As anybody who's driven along Mt. Hope Avenue in the past year or two knows, there's been a lot of development along the corridor from Crittenden to Elmwood Avenues. The result is College Town, which depending on your point of view is either a great asset to U of R students and Rochester residents, or just a sign of the homogenization of America. Within a two-block stretch, you'll now find a mix of mostly national chains, from bookstores to coffee shops, restaurants and bars. Whether that's a good or a bad thing, you can decide for yourself.
With a name like College Town, you knew pizza and beer would figure into the mix, and you'll find them both at The Beer Market. The Beer Market is apparently a franchise operation, with five locations at this point:  three in Illinois, one in Pittsburgh, and now one in Rochester.
Besides offering a wide variety of beers (I saw the long tap line, but didn't examine it too closely, but I assume they offer a good mix of beers), TBM gives pizza a prominent place on its food menu, which is what brought me here for lunch recently, with two friends.
I ordered "The Queen," an apparent reference to Queen Margherita, the namesake of Margherita pizza. It's topped with fresh mozzarella, Roma tomatoes, and fresh basil. My friends ordered a "Goodfella," with mild sausage, pepperoni, bacon, tomato sauce and herbs, and a simple pepperoni pie.
These companions have accompanied me on past excursions, and we don't always see eye to eye on pizza, but this time we were mostly in agreement. We found the pizzas very tasty (by which I mean they tasted good), thanks mostly to the toppings, but the crust left something to be desired. So I'll start with the latter.
The pizzas arrived at our table on pans, and it appeared they had been baked on those pans. The undersides had the golden-brown, bubbly look of pan-baked pies.
I'm OK with that; I've had many a fine pizza that was baked in a pan. I'm more concerned about the end result.
And the end result here was acceptable, especially given the overall flavor of the pies, but these were not great crusts. They weren't bad; they just weren't particularly good.
Why? Well, the crusts were medium thick and pliable. They didn't have the typical faults --  they weren't greasy, brittle or spongy -- but neither were they crisp or bready.
To me, the crust should be the shining star of the pizza. After all, it's the first thing to hit your tongue.
But these crusts were little more than vehicles to deliver the toppings. As such, they were OK, but it seemed that the preparation and baking had not really maximized the potential flavor and texture of the dough. I hate to resort to trendy linguistic cliches, but my reaction was, "meh." A little chewy, a little firm, but not memorable.
As I said, though, the toppings were good, and they elevated the pizzas overall. My "Queen" was abundantly topped with mozzarella and sliced tomatoes. This certainly wasn't a minimalist, less-is-more pizza, but the toppings were appropriate and in balance with the crust. A little more basil would've been welcome, but there was enough to add some flavor.
I took a slice from each of my friends' pizzas, and again I liked the toppings, as did my friends. The meats were crisp and flavorful, the cheese was stretchy, and the sauce was tomatoey with some mild herbal accents.
That brings me to the rating, which is where things get a little difficult. Without getting into a lengthy discussion, I'll go back to my standards, which involve whether I'd avoid this pizza, or whether I'd go out of my way to get it.
Measured by that standard, I'd put this pizza in the middle. It's OK; it's just not great, in my opinion. It's more about the toppings than the crust, but the toppings are pretty good. So I'll give it a C. 

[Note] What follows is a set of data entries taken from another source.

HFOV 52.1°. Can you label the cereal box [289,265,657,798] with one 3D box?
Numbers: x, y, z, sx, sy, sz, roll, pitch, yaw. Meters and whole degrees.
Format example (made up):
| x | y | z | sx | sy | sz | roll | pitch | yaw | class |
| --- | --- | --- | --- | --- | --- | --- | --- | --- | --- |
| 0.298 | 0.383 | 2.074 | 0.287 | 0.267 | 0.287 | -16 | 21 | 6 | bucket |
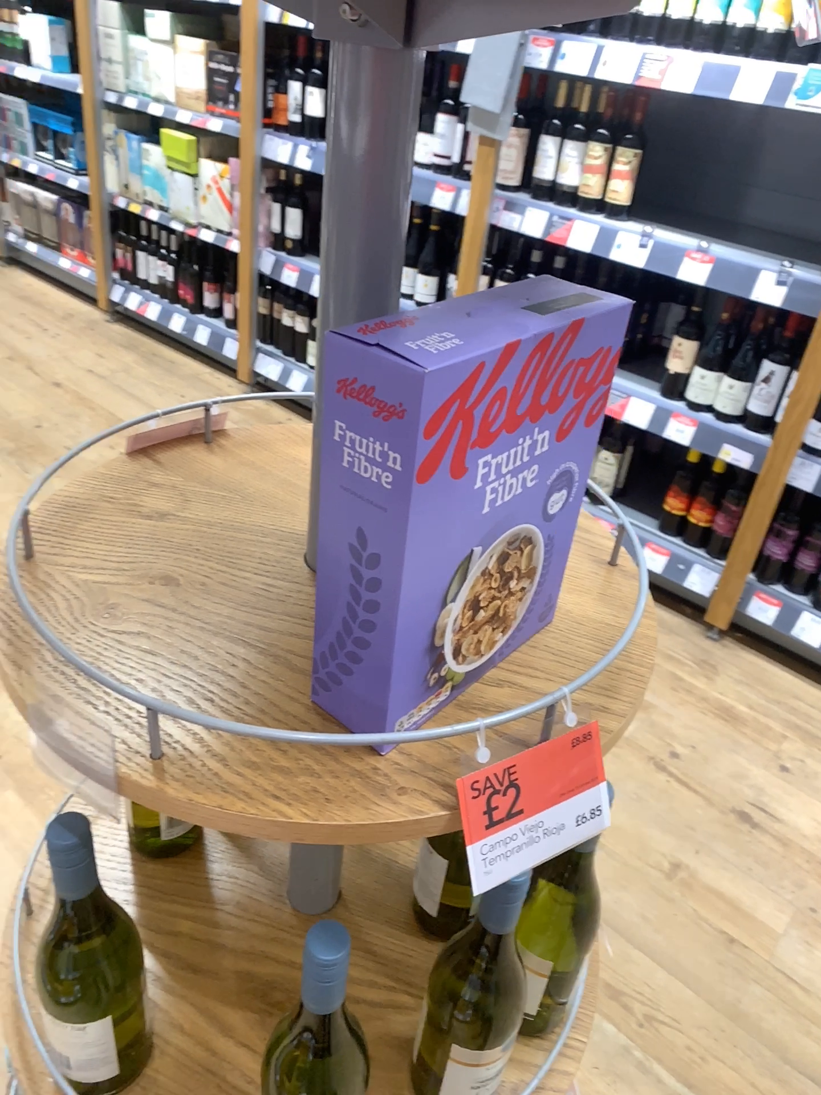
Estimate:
| x | y | z | sx | sy | sz | roll | pitch | yaw | class |
| --- | --- | --- | --- | --- | --- | --- | --- | --- | --- |
| 0.033 | -0.017 | 0.474 | 0.070 | 0.238 | 0.201 | 28 | 37 | 30 | cereal box |

The Beer Market, 1401 Mt. Hope Ave.

Mon-Wed: 11:00 a.m. - Midnight
Thursday: 11:00 a.m. - 1:00 a.m.
Fri-Sat: 11:00 a.m. - 2:00 a.m.
Sun: Noon - Midnight

2 comments:

  1. I would give their pizza a B. After decades of Rochester pizza experiences (and the best old-timers are now gone), their pizza is able to "stand up" to many of the common Rochester chain pizzerias. True, the crust could be improved with a slightly crisper bottom that can better support the fresh and generous toppings. Cheese is certainly not lacking and welcomed, and the sauce was flavorful. In addition, if there is any pizza left, it reheats wonderfully in a cast iron skillet (and the crust is even better).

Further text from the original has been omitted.